Below are the entries. Transcribe exactly the lines from the one with "maker's role: fotograaf" through the one with "tags: historical persons", ends included, and leave out all others.

Exercise data: Begin

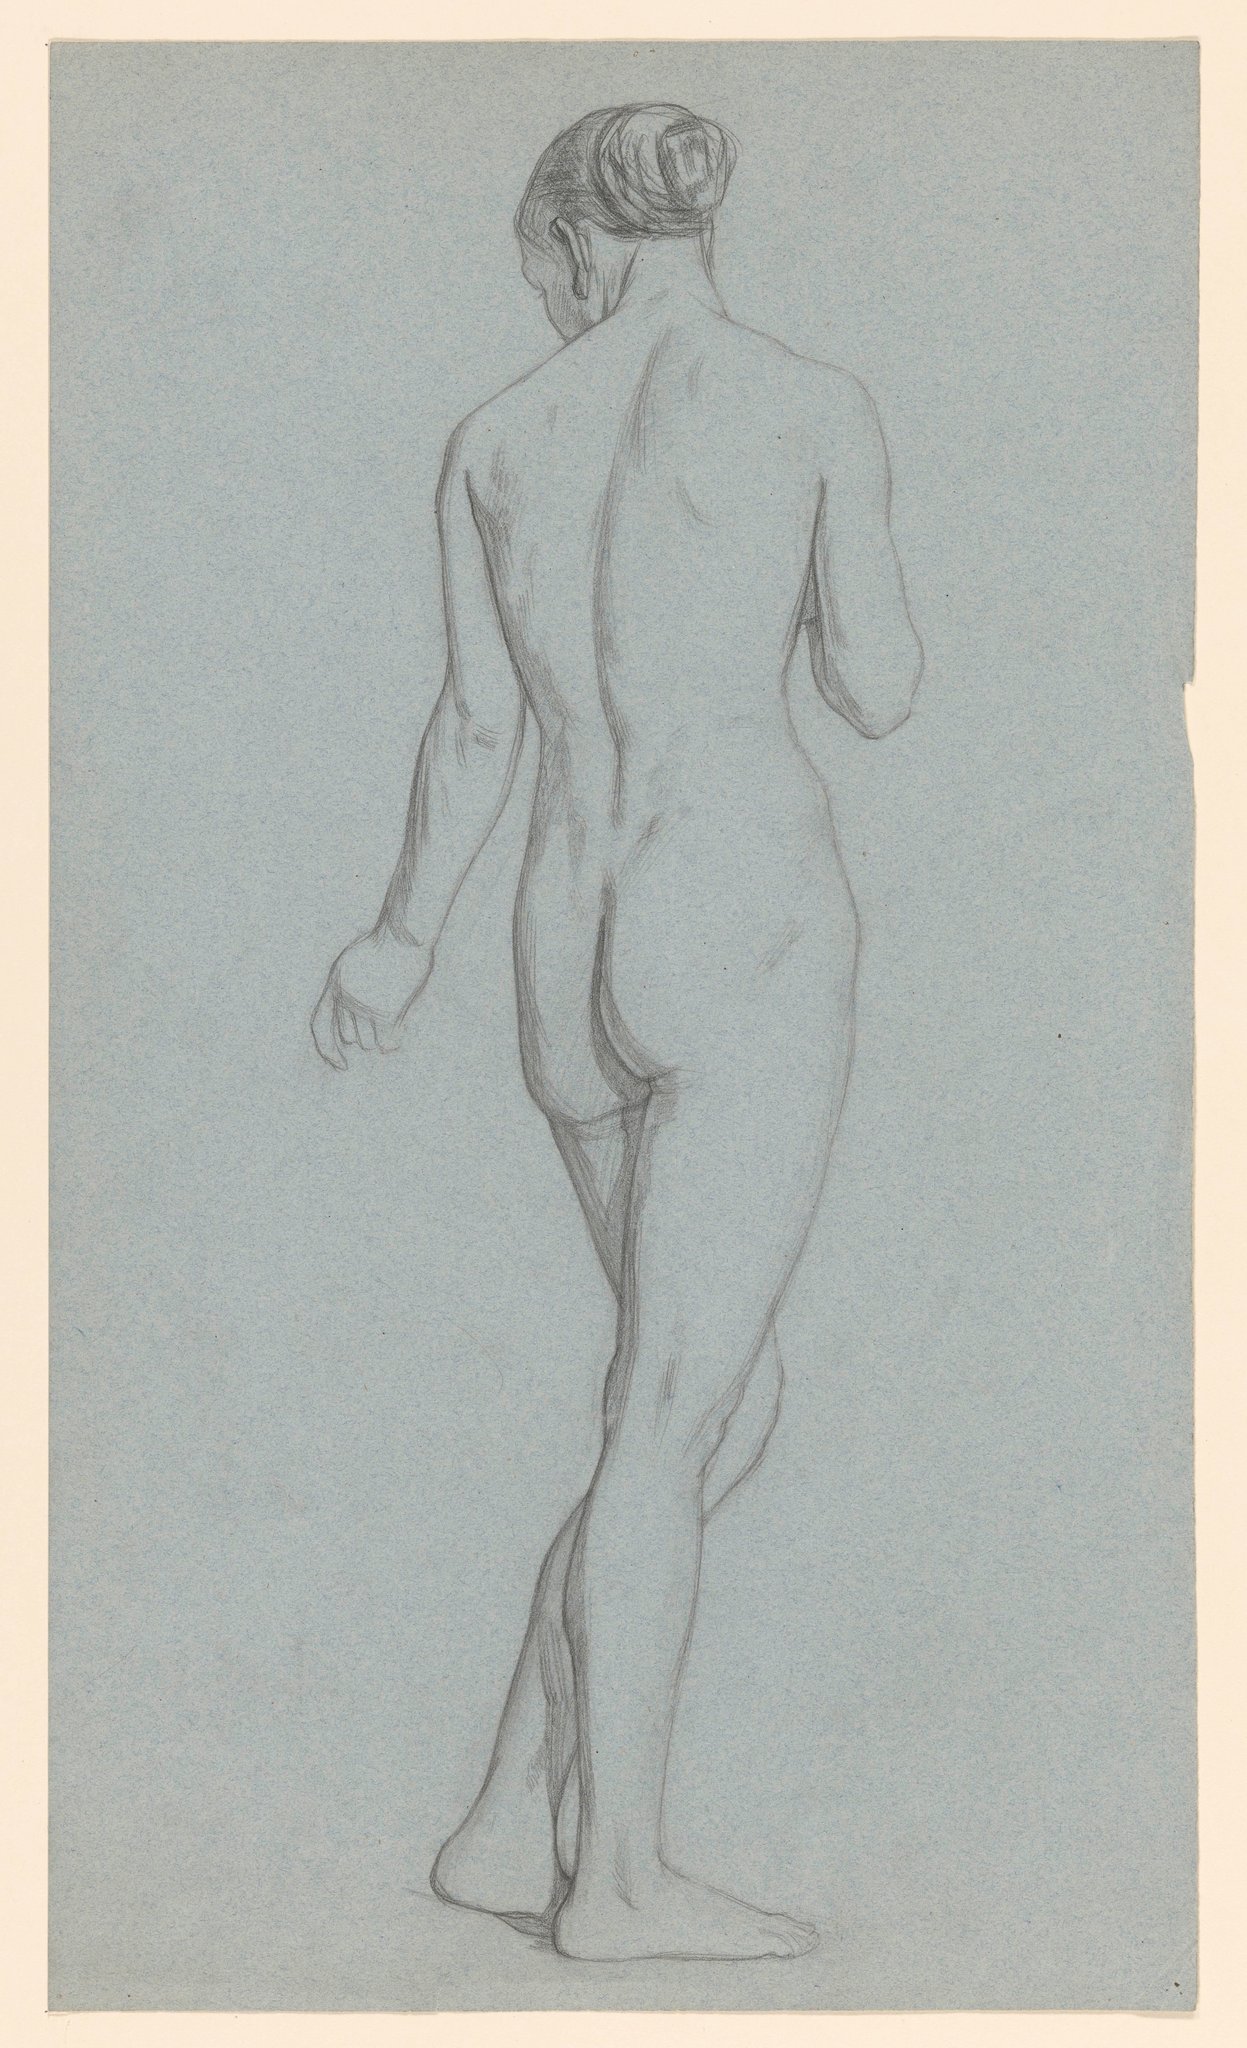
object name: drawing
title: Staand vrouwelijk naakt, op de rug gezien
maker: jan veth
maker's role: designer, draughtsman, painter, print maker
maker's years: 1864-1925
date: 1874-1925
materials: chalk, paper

Exercise data: End
Exercise data: Begin

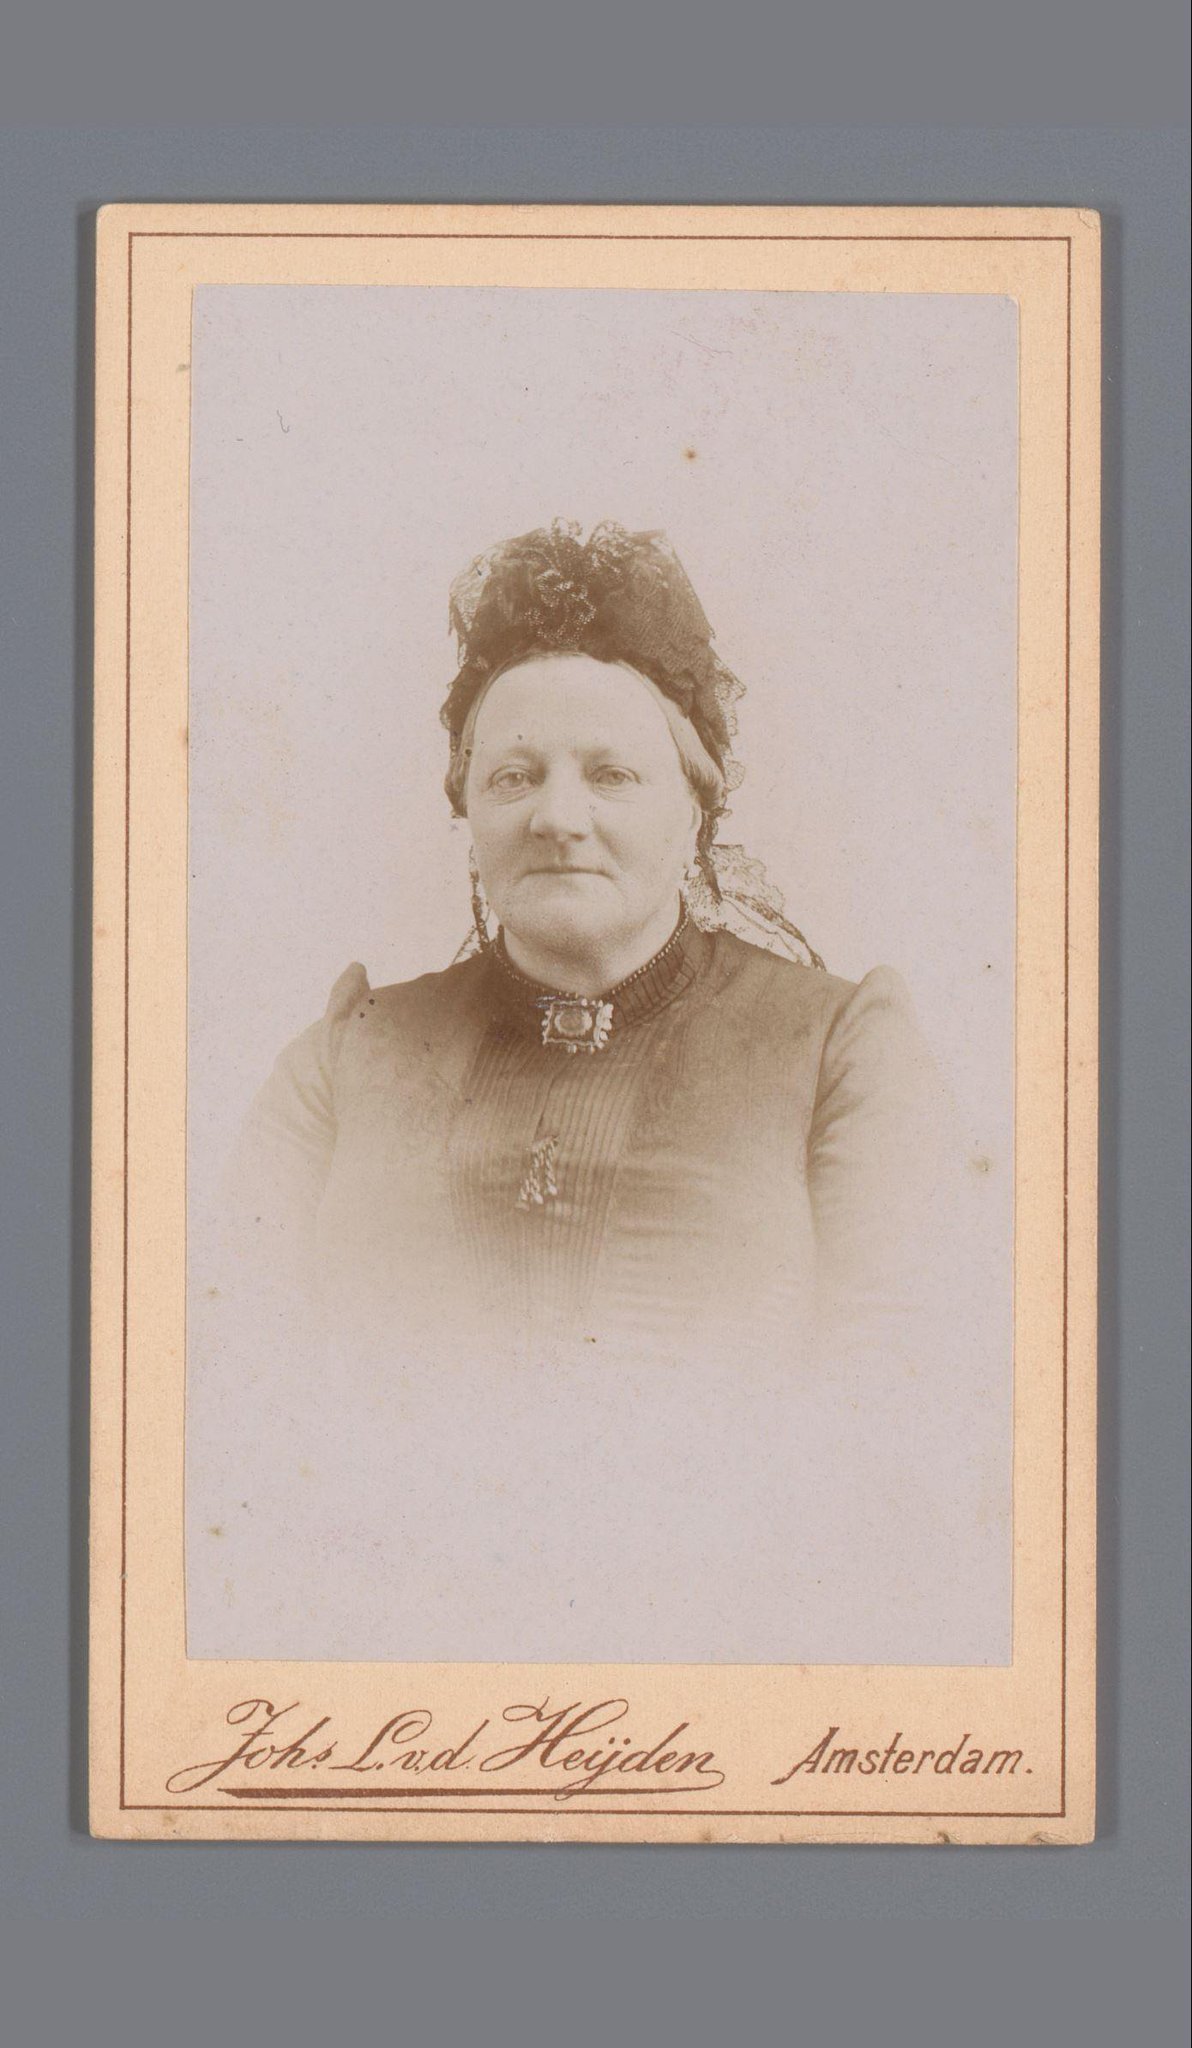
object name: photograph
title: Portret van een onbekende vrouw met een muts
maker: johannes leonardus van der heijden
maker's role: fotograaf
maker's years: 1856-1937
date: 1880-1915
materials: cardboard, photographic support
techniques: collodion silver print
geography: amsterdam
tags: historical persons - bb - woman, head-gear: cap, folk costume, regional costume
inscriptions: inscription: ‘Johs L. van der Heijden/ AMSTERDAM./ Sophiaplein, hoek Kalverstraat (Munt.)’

Exercise data: End

# Completed task:
maker's role: fotograaf
maker's years: 1856-1937
date: 1880-1915
materials: cardboard, photographic support
techniques: collodion silver print
geography: amsterdam
tags: historical persons - bb - woman, head-gear: cap, folk costume, regional costume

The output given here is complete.